Source records START
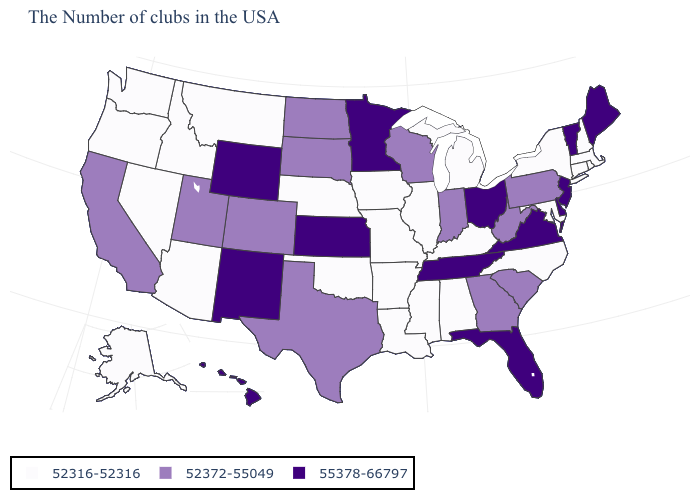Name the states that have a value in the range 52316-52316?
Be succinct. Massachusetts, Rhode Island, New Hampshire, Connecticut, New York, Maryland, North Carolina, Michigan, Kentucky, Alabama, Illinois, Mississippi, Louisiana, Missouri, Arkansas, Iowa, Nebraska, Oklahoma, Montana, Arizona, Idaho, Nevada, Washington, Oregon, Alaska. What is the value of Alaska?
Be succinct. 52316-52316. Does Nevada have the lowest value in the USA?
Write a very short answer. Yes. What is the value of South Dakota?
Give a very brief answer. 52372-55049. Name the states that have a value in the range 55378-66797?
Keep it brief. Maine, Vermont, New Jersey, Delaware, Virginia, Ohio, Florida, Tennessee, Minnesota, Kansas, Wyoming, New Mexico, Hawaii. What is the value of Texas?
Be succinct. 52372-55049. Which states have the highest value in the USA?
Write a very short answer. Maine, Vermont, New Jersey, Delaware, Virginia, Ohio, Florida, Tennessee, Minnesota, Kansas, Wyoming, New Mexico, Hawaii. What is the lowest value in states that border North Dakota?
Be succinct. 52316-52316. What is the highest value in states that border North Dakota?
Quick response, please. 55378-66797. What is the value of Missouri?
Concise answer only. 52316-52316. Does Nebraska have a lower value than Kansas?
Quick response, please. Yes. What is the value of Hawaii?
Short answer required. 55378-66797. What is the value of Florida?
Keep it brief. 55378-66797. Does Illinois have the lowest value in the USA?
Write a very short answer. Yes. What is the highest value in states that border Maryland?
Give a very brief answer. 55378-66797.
Source records END
What you are asked to do: Only a number is expected in reply: how many lines of the entries hold the word "Quick"?

Solved problem: 2